● Exercise requirements
Count every line that includes the string "space" in the entries that follow. Nothing besides the number is needed.

-------- Data extracts --------

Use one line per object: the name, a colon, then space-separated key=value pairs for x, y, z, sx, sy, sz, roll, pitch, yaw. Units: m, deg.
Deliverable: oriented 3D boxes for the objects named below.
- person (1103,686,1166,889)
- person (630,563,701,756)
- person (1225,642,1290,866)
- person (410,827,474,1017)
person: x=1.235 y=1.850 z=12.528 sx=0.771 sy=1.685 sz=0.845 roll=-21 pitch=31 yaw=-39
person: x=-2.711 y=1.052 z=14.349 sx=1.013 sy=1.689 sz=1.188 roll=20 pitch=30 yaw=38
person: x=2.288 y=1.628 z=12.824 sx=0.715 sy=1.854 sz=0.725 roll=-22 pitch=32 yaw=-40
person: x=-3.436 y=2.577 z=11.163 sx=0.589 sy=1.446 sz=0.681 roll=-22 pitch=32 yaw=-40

--------
-------- Data extracts --------

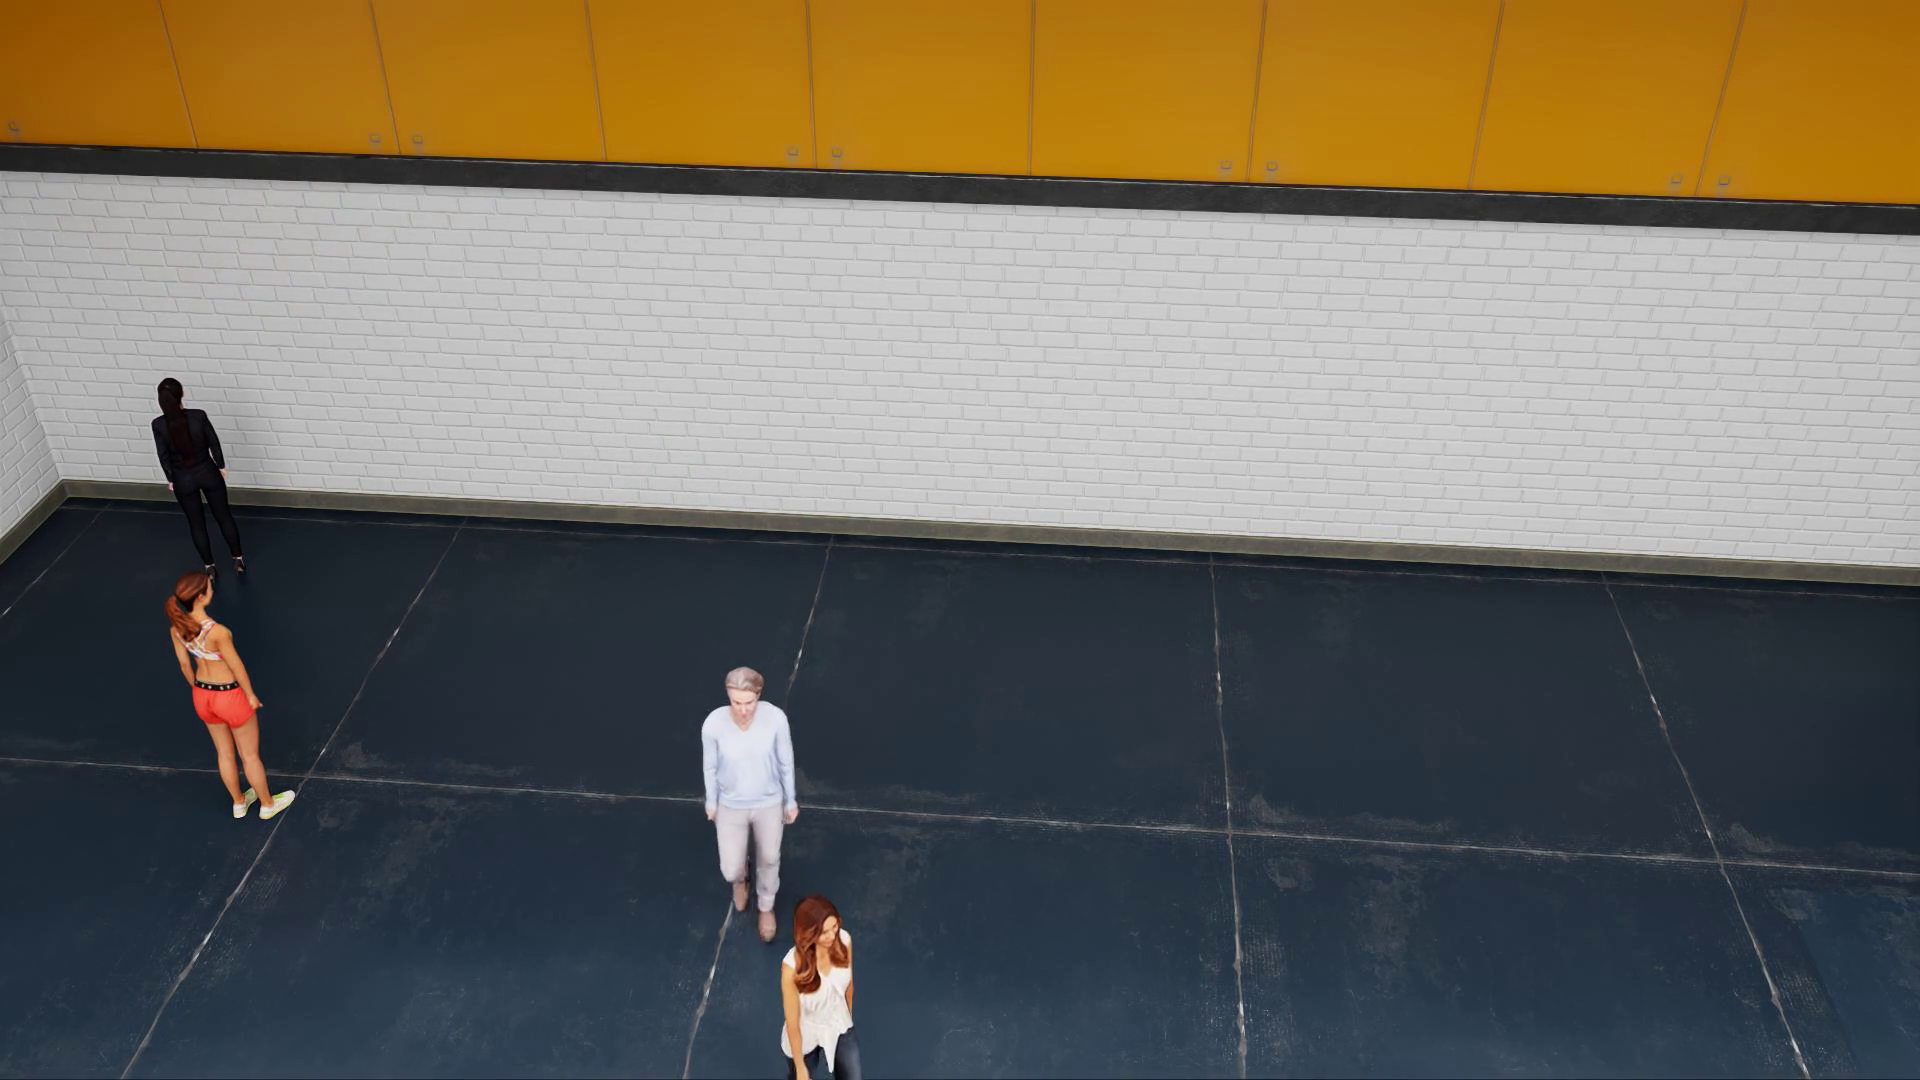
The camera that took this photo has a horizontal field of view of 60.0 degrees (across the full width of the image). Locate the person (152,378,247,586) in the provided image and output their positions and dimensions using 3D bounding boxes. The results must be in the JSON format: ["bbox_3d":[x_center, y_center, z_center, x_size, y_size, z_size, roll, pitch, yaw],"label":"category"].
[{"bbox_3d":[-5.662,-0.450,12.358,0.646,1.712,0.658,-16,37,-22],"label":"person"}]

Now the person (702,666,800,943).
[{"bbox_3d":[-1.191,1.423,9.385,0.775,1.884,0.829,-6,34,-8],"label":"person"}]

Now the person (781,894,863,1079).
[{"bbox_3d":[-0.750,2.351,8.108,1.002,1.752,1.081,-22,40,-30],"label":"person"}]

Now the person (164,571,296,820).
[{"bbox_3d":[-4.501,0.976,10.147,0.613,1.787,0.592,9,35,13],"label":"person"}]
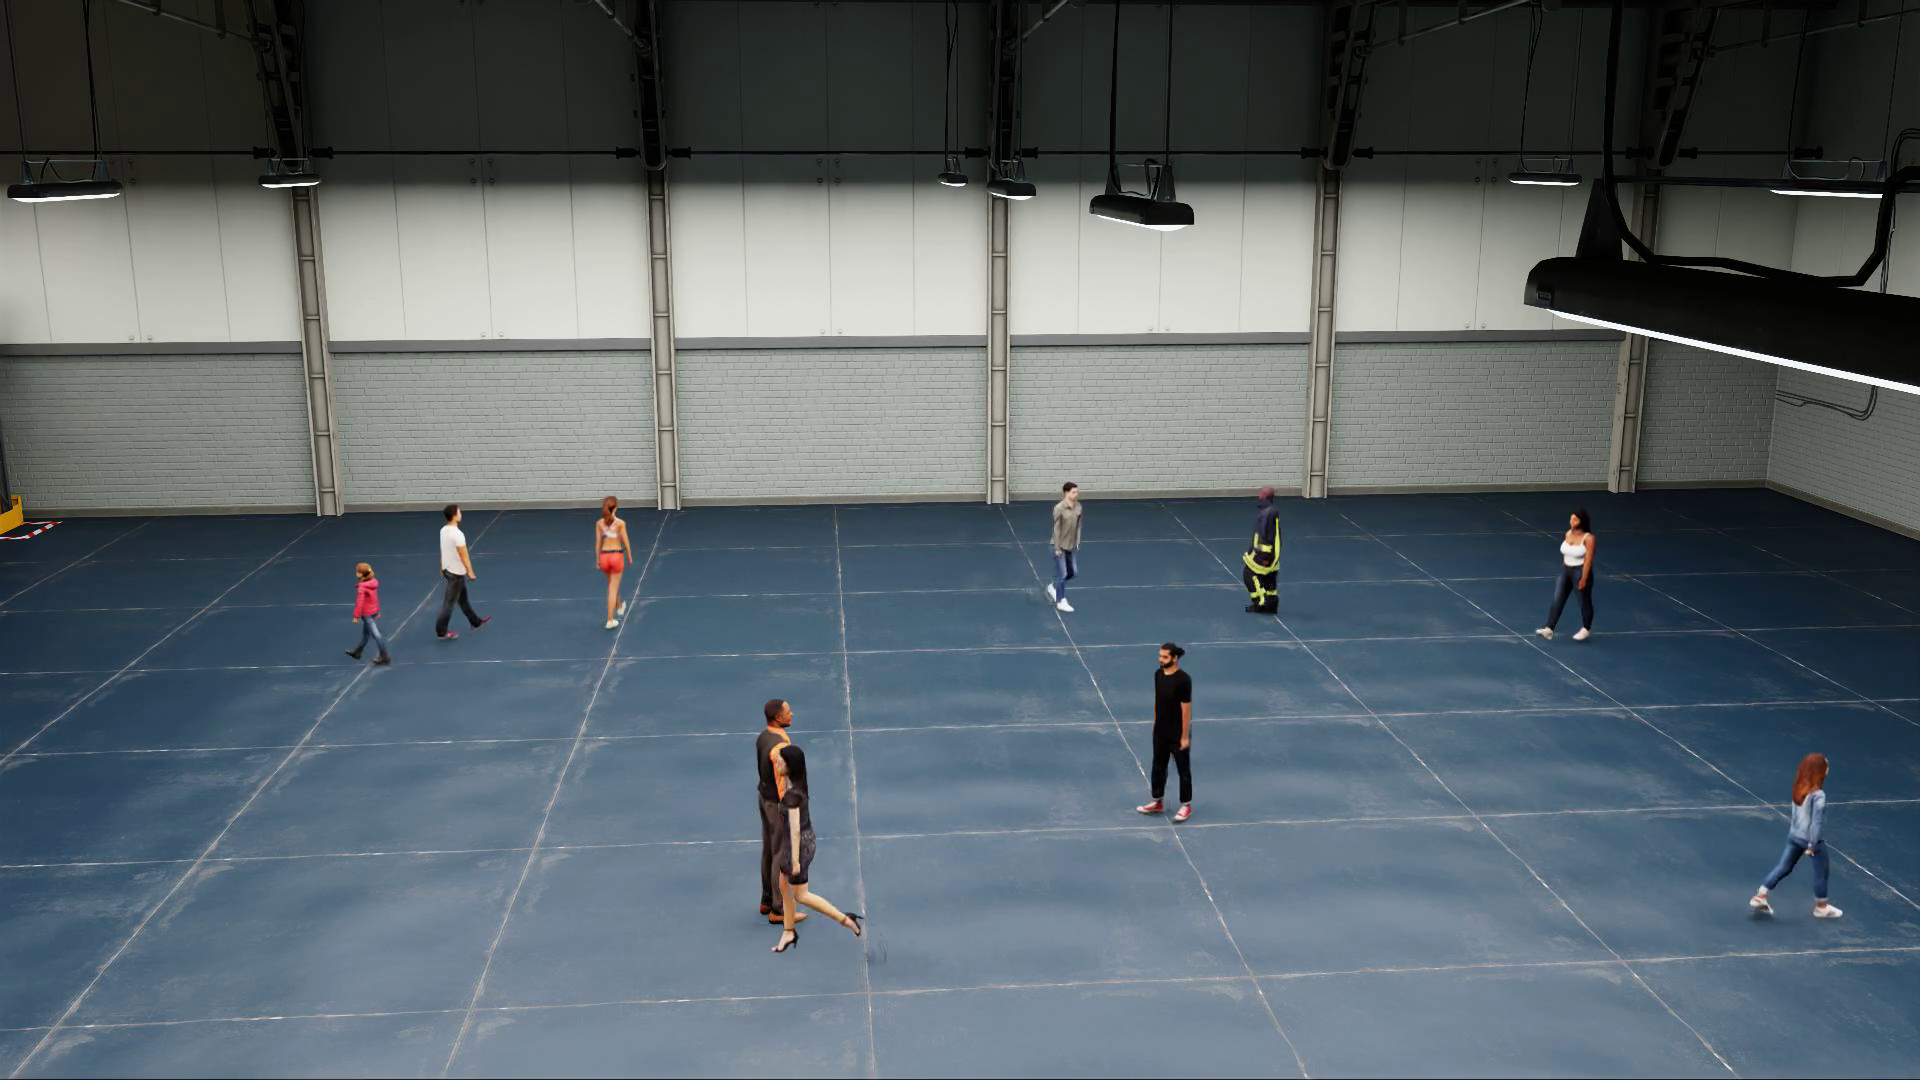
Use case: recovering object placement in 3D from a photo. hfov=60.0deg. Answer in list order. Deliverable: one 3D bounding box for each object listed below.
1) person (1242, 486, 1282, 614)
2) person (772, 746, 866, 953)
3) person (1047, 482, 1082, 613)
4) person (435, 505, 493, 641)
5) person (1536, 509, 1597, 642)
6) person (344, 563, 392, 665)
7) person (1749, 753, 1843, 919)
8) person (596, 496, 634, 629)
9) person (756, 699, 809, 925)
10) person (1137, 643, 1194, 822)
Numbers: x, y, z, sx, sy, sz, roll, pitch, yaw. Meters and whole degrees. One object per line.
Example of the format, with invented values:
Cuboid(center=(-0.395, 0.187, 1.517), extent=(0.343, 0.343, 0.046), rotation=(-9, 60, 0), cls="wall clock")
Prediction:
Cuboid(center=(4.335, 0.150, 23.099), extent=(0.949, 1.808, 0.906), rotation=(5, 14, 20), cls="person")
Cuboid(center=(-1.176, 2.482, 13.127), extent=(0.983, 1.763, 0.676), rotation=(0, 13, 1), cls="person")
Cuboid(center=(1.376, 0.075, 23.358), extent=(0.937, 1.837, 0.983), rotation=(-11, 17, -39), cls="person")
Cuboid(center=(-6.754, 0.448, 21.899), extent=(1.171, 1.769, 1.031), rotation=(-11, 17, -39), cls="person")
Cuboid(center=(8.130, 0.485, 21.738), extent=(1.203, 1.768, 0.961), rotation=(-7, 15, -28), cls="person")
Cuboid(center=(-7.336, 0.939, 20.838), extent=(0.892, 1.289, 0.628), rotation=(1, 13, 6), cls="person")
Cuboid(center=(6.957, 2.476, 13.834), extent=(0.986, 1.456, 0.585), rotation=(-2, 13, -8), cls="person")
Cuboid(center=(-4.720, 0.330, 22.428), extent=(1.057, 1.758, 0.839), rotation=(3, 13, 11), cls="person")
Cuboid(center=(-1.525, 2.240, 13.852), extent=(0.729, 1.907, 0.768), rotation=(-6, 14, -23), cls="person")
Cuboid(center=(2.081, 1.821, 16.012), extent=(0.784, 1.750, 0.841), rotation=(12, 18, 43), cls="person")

--------
-------- Data extracts --------

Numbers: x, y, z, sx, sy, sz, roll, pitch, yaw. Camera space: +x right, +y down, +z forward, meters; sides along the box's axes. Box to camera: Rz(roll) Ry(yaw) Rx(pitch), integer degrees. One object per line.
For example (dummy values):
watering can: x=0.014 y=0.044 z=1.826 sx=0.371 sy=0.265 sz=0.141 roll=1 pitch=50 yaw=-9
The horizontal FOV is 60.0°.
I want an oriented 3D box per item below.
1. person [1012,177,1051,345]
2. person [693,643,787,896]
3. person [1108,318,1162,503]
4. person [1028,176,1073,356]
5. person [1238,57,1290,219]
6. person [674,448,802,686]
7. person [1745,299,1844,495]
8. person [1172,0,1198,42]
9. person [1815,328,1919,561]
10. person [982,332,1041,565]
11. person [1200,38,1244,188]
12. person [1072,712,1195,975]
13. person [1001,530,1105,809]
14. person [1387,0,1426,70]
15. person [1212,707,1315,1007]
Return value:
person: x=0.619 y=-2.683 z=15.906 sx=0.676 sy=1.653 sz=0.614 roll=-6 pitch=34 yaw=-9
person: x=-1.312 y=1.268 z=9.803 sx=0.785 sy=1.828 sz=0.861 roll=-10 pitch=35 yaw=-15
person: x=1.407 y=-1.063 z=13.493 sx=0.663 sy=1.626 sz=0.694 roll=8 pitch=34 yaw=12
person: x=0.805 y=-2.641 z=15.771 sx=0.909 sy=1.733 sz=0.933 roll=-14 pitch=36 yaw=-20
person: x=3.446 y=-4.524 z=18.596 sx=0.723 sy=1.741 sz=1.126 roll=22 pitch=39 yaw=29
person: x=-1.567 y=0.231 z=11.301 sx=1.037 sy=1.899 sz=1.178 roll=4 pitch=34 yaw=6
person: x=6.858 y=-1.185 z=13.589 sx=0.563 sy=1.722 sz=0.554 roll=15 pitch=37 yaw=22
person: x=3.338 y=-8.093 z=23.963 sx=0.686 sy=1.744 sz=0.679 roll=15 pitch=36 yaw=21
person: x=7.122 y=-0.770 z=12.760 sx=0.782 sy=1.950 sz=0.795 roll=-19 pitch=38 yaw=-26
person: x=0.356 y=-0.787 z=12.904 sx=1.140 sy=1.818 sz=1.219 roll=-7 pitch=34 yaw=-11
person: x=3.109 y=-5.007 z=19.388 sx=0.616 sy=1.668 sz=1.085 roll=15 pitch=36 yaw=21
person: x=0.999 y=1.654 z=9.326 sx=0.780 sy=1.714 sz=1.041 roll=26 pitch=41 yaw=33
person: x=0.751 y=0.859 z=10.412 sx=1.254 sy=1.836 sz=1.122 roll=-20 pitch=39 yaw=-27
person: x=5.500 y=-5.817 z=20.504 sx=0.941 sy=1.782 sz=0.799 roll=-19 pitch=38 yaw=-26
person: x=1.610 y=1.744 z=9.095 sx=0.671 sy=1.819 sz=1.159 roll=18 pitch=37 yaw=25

--------

● Final answer
2